Dataset items:

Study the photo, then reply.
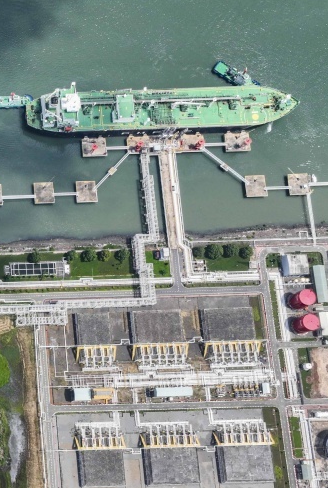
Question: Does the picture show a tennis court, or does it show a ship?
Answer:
ship
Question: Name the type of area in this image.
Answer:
industrial area
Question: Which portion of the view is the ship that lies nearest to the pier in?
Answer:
top
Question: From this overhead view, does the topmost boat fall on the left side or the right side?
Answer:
right
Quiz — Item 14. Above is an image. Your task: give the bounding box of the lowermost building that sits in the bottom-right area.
[297,460,314,480]
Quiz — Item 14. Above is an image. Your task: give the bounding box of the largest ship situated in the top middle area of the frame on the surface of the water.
[26,83,301,136]
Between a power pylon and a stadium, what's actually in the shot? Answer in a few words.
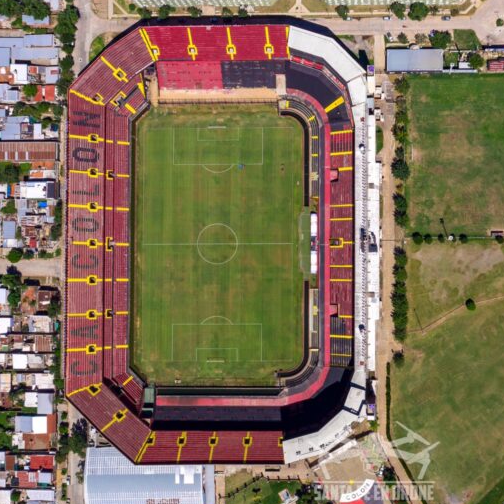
stadium
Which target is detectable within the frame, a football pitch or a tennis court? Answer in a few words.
football pitch
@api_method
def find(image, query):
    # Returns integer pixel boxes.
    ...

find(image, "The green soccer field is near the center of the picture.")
[135,104,311,386]
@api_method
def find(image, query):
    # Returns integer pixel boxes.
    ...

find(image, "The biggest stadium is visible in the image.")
[63,24,368,465]
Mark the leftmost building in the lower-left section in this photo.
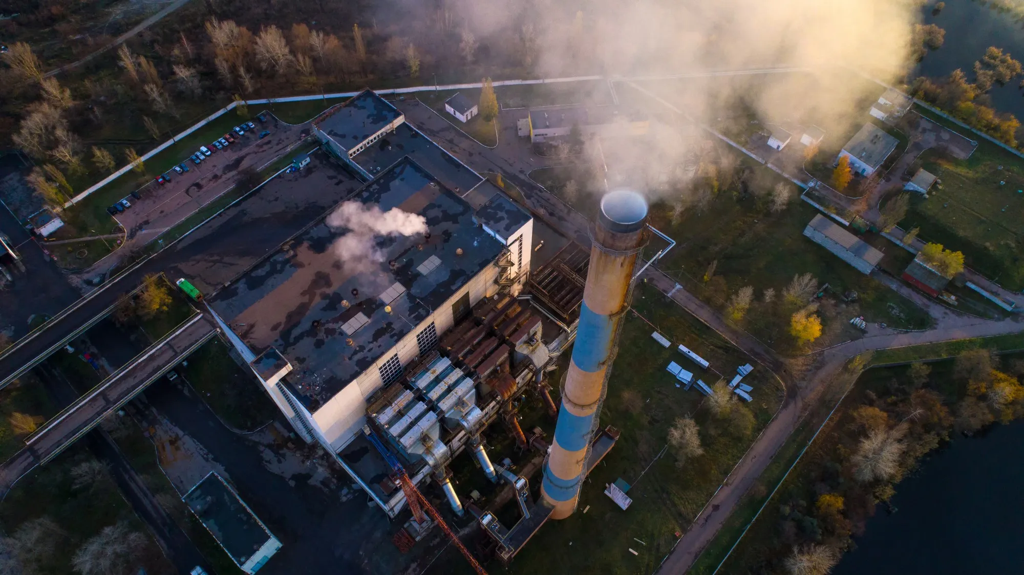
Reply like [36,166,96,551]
[183,469,281,570]
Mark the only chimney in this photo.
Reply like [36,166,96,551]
[547,187,651,514]
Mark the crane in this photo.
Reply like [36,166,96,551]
[350,413,489,575]
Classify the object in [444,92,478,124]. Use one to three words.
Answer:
house
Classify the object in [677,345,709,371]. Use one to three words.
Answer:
shipping container
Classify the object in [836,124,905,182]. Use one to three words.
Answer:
building
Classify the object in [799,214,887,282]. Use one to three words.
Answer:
barn
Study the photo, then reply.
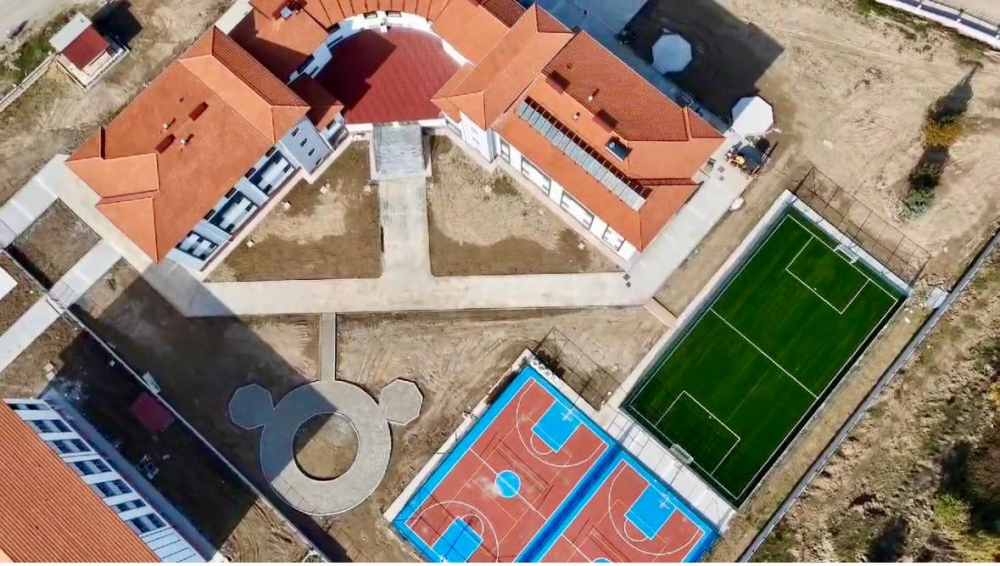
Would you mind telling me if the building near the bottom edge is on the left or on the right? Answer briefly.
left
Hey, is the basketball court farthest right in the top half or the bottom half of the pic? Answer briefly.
bottom
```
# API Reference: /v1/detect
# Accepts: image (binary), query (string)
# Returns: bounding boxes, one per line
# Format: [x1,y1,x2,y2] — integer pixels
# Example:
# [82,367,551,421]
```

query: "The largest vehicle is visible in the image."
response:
[722,139,758,182]
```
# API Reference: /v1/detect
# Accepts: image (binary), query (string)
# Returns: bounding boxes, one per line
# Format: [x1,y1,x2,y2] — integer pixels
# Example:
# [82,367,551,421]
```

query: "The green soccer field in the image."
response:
[617,204,907,509]
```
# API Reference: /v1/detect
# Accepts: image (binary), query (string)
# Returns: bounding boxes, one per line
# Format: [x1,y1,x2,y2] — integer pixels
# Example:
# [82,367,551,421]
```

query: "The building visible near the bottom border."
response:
[0,391,211,566]
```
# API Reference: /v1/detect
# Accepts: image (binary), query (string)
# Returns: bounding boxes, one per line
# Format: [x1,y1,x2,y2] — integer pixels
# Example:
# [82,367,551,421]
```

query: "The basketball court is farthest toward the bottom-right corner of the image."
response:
[520,446,719,566]
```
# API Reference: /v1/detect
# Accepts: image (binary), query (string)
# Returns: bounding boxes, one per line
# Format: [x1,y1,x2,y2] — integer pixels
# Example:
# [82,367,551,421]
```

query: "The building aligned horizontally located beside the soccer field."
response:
[66,0,724,274]
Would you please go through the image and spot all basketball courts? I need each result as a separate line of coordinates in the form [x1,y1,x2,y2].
[393,365,621,566]
[520,446,719,566]
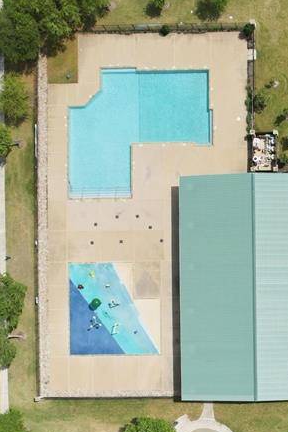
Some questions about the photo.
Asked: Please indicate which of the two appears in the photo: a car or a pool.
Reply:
pool
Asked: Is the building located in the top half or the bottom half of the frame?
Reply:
bottom
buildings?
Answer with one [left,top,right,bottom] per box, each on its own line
[178,172,288,402]
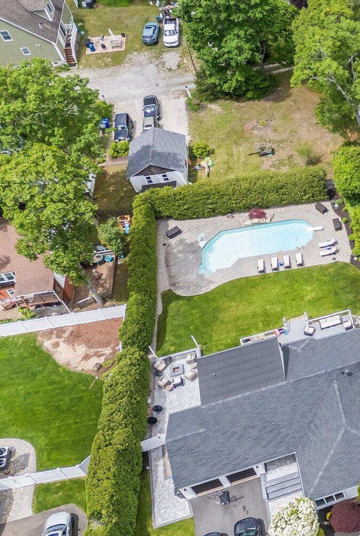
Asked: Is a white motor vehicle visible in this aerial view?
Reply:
Yes
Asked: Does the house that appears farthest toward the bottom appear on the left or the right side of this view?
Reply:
right
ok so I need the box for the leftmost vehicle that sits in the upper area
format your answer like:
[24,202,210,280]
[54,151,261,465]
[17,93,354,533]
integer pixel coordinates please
[110,111,132,142]
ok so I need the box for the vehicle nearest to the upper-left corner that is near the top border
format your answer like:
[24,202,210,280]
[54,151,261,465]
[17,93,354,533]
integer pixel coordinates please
[142,26,159,44]
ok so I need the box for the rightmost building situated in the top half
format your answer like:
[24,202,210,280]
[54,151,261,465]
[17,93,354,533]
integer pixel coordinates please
[127,128,191,186]
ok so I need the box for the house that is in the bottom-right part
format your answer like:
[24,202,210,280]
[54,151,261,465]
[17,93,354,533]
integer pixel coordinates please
[166,324,360,508]
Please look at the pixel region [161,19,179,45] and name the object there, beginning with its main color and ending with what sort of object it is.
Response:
white vehicle
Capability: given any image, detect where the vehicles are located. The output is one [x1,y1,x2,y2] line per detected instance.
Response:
[234,516,262,536]
[140,114,159,137]
[40,511,75,536]
[161,19,179,45]
[140,92,161,120]
[110,111,132,142]
[142,26,159,44]

**Work order**: Exactly as they stand, set down all of the entries above, minus every picture.

**The completed task**:
Study the photo, then reply.
Question: Does the picture show a tennis court, or does it show a ship?
Answer:
ship
Question: Name the type of area in this image.
Answer:
industrial area
Question: Which portion of the view is the ship that lies nearest to the pier in?
Answer:
top
Question: From this overhead view, does the topmost boat fall on the left side or the right side?
Answer:
right
Quiz — Item 14. Above is an image. Your task: give the bounding box of the lowermost building that sits in the bottom-right area.
[297,460,314,480]
Quiz — Item 14. Above is an image. Your task: give the bounding box of the largest ship situated in the top middle area of the frame on the surface of the water.
[26,83,301,136]
Between a power pylon and a stadium, what's actually in the shot? Answer in a few words.
stadium
Which target is detectable within the frame, a football pitch or a tennis court? Answer in a few words.
football pitch
@api_method
def find(image, query):
    # Returns integer pixel boxes.
    ...

find(image, "The green soccer field is near the center of the picture.")
[135,104,311,386]
@api_method
def find(image, query):
    # Returns integer pixel boxes.
    ...

find(image, "The biggest stadium is visible in the image.")
[63,24,368,465]
Mark the leftmost building in the lower-left section in this photo.
Reply like [36,166,96,551]
[183,469,281,570]
Mark the only chimney in this photo.
Reply like [36,166,96,551]
[547,187,651,514]
Mark the crane in this photo.
Reply like [36,166,96,551]
[350,413,489,575]
Classify the object in [444,92,478,124]. Use one to three words.
Answer:
house
Classify the object in [677,345,709,371]. Use one to three words.
Answer:
shipping container
Classify the object in [836,124,905,182]. Use one to three words.
Answer:
building
Classify the object in [799,214,887,282]. Use one to three words.
Answer:
barn
Study the photo, then reply.
Would you mind telling me if the building near the bottom edge is on the left or on the right? Answer briefly.
left
Hey, is the basketball court farthest right in the top half or the bottom half of the pic? Answer briefly.
bottom
```
# API Reference: /v1/detect
# Accepts: image (binary), query (string)
# Returns: bounding boxes, one per line
# Format: [x1,y1,x2,y2] — integer pixels
# Example:
# [82,367,551,421]
```

query: "The largest vehicle is visible in the image."
response:
[722,139,758,182]
```
# API Reference: /v1/detect
# Accepts: image (binary), query (string)
# Returns: bounding boxes, one per line
# Format: [x1,y1,x2,y2] — integer pixels
# Example:
# [82,367,551,421]
```

query: "The green soccer field in the image."
response:
[617,204,907,509]
```
# API Reference: /v1/detect
# Accepts: image (binary), query (string)
# Returns: bounding boxes, one per line
# Format: [x1,y1,x2,y2] — integer pixels
# Example:
# [82,367,551,421]
```

query: "The building visible near the bottom border."
response:
[0,391,211,566]
```
# API Reference: /v1/detect
# Accepts: image (binary), query (string)
# Returns: bounding boxes, one per line
# Format: [x1,y1,x2,y2] — integer pixels
# Example:
# [82,367,551,421]
```

query: "The basketball court is farthest toward the bottom-right corner of the image."
response:
[520,446,719,566]
```
# API Reference: /v1/detect
# Accepts: image (binary), query (string)
# Returns: bounding boxes, one per line
# Format: [x1,y1,x2,y2] — integer pixels
# Example:
# [82,367,551,421]
```

query: "The building aligned horizontally located beside the soccer field."
response:
[66,0,724,274]
Would you please go through the image and spot all basketball courts? I need each result as a separate line of coordinates in the form [x1,y1,x2,y2].
[393,365,621,566]
[520,446,719,566]
Some questions about the photo.
Asked: Please indicate which of the two appears in the photo: a car or a pool.
Reply:
pool
Asked: Is the building located in the top half or the bottom half of the frame?
Reply:
bottom
buildings?
Answer with one [left,top,right,bottom] per box, each on its own line
[178,172,288,402]
Asked: Is a white motor vehicle visible in this aerial view?
Reply:
Yes
Asked: Does the house that appears farthest toward the bottom appear on the left or the right side of this view?
Reply:
right
ok so I need the box for the leftmost vehicle that sits in the upper area
format your answer like:
[24,202,210,280]
[54,151,261,465]
[17,93,354,533]
integer pixel coordinates please
[110,111,132,142]
ok so I need the box for the vehicle nearest to the upper-left corner that is near the top border
format your answer like:
[24,202,210,280]
[54,151,261,465]
[17,93,354,533]
integer pixel coordinates please
[142,26,159,44]
ok so I need the box for the rightmost building situated in the top half
format your answer like:
[24,202,210,280]
[54,151,261,465]
[17,93,354,533]
integer pixel coordinates please
[127,128,191,186]
ok so I need the box for the house that is in the bottom-right part
format your answer like:
[24,202,210,280]
[54,151,261,465]
[17,93,354,533]
integer pixel coordinates please
[166,324,360,508]
Please look at the pixel region [161,19,179,45] and name the object there, beginning with its main color and ending with what sort of object it is.
Response:
white vehicle
Capability: given any image, detect where the vehicles are located. The output is one [x1,y1,x2,y2] line per detected instance.
Response:
[234,516,262,536]
[140,114,159,137]
[40,511,75,536]
[161,19,179,45]
[140,92,161,120]
[110,111,132,142]
[142,26,159,44]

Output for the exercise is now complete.